- Fishing in the margins: North Sri Lankan fishers’ struggle for access in transboundary waters
- Award date
- 13 October 2016
- Document type
- PhD thesis
- Faculty of Social and Behavioural Sciences (FMG)
- Amsterdam Institute for Social Science Research (AISSR)
In this dissertation, I highlight the condition of a fisher population in post-war northern Sri Lanka whose access to fishing grounds has been structurally compromised. Decades of civil war in Sri Lanka (1983–2009) shattered the north Sri Lankan fisheries sector by destroying equipment, restricting operations, and displacing populations. Capitalising on the war-induced vacuum that occurred, the trawler fleet from the neighbouring Indian state of Tamil Nadu, expanded and became increasingly dependent on north Sri Lankan fishing grounds. After the war, restrictions were lifted, yet fishers in the Northern Province were not able to regain meaningful access to their fishing grounds as trawler intrusions continued.

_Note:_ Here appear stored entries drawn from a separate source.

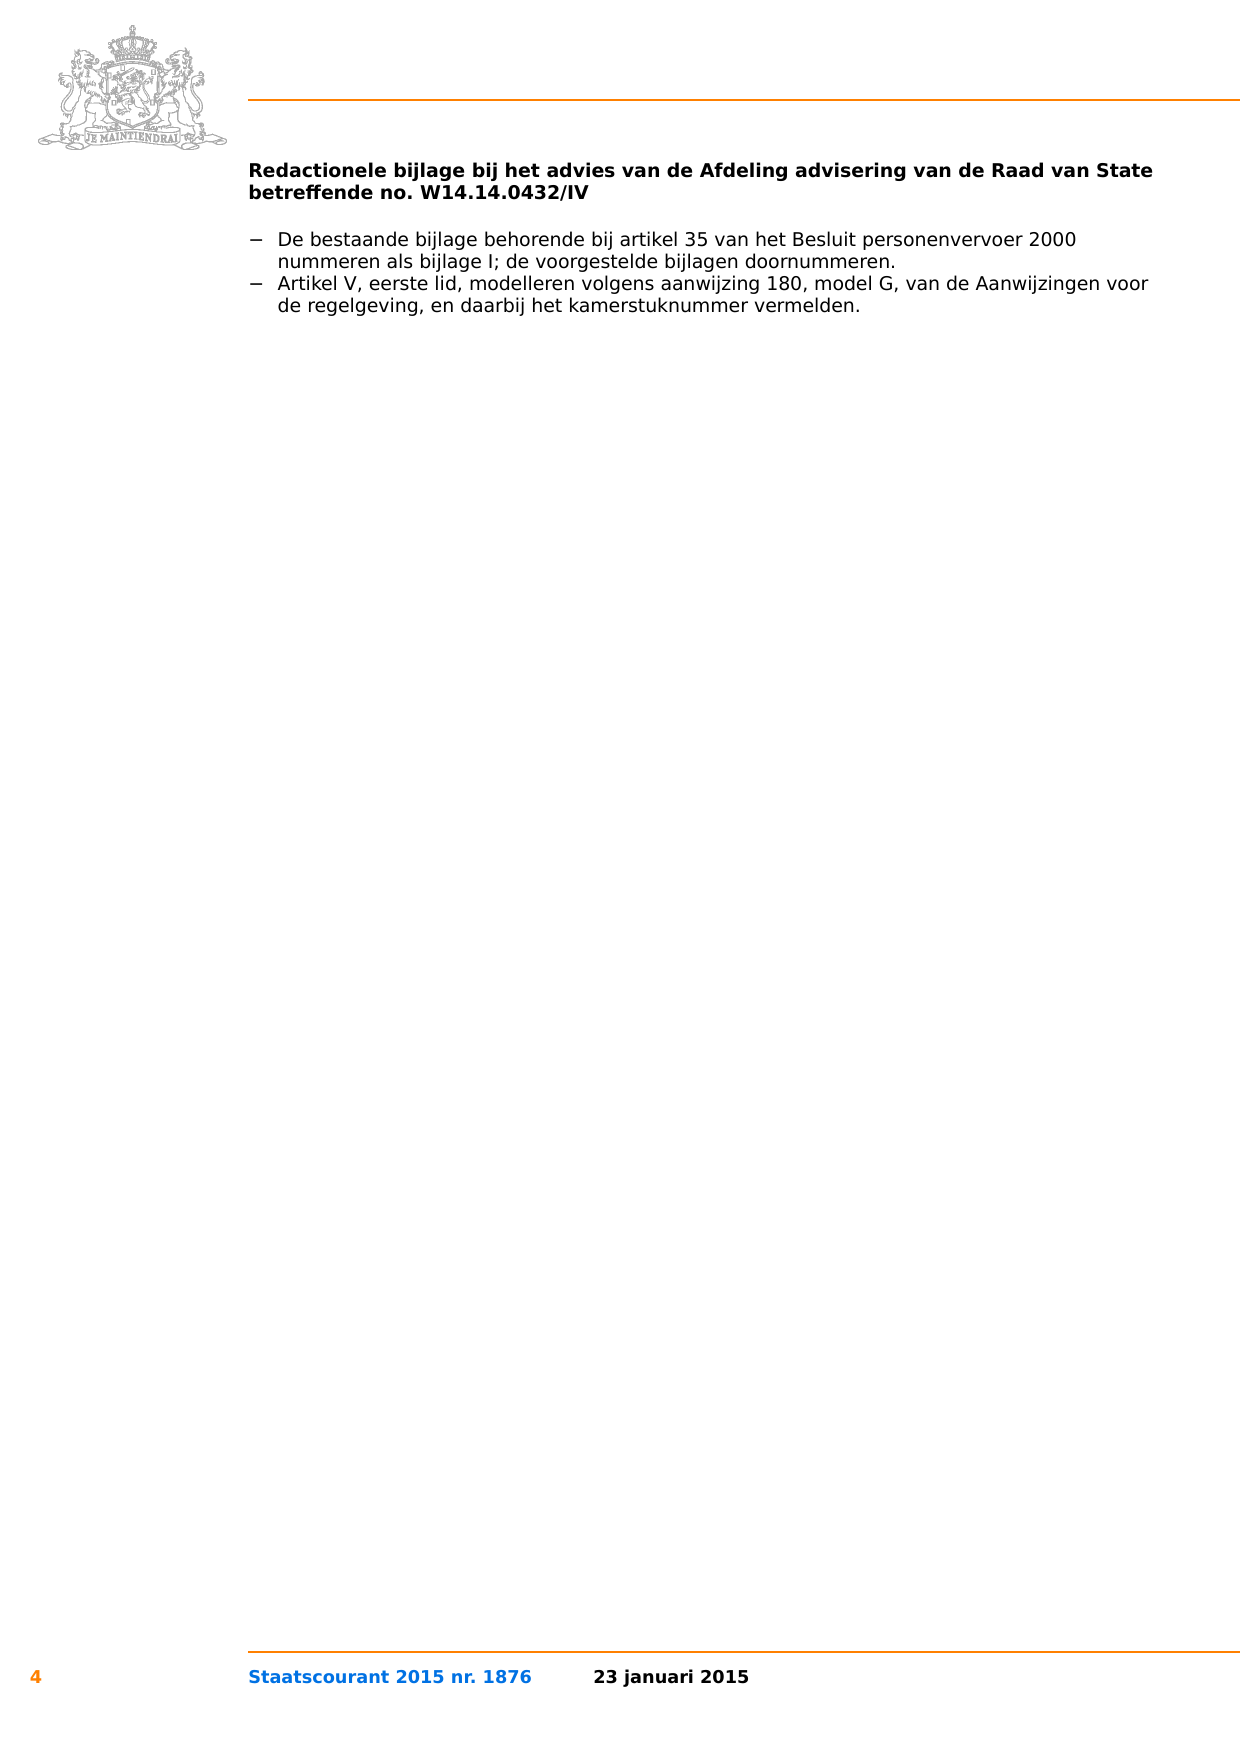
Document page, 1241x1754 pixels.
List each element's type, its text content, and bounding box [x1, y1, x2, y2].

text − Artikel V, eerste lid, modelleren volgens aanwijzing 180, model G, van de Aanwijzingen voor de regelgeving, en daarbij het kamerstuknummer vermelden. [248, 273, 1163, 317]
picture [38, 25, 227, 150]
subtitle Redactionele bijlage bij het advies van de Afdeling advisering van de Raad van State betreffende no. W14.14.0432/IV [248, 160, 1163, 204]
text − De bestaande bijlage behorende bij artikel 35 van het Besluit personenvervoer 2000 nummeren als bijlage I; de voorgestelde bijlagen doornummeren. [248, 229, 1163, 273]

In this dissertation I draw mainly on interactive governance theory (Kooiman 2003), political ecology (Peets and Watts 2004; Robbins 2012) and commons theory (Ostrom 1990; Agrawal 2003). My research, however, departs from two observations. First, despite unambiguous national, bilateral and international laws and agreements stipulating that fishing fleets have no right to operate in other nations’ waters, and despite pervasive coastguard and navy forces, about 2000 Indian trawlers continue to operate in large numbers in Sri Lankan waters. Second, despite the damages imposed on the north Sri Lankan fishers, who represent a quarter of the total population in the area, their collective mobilisation against these trawlers has been minimal. The overall research question guiding this dissertation therefore is: How is northern Sri Lankan fishers’ marginal access to Palk Bay fishing grounds (re)produced and contested and what does this imply for civil society efforts to improve multilevel transboundary fisheries governance practices?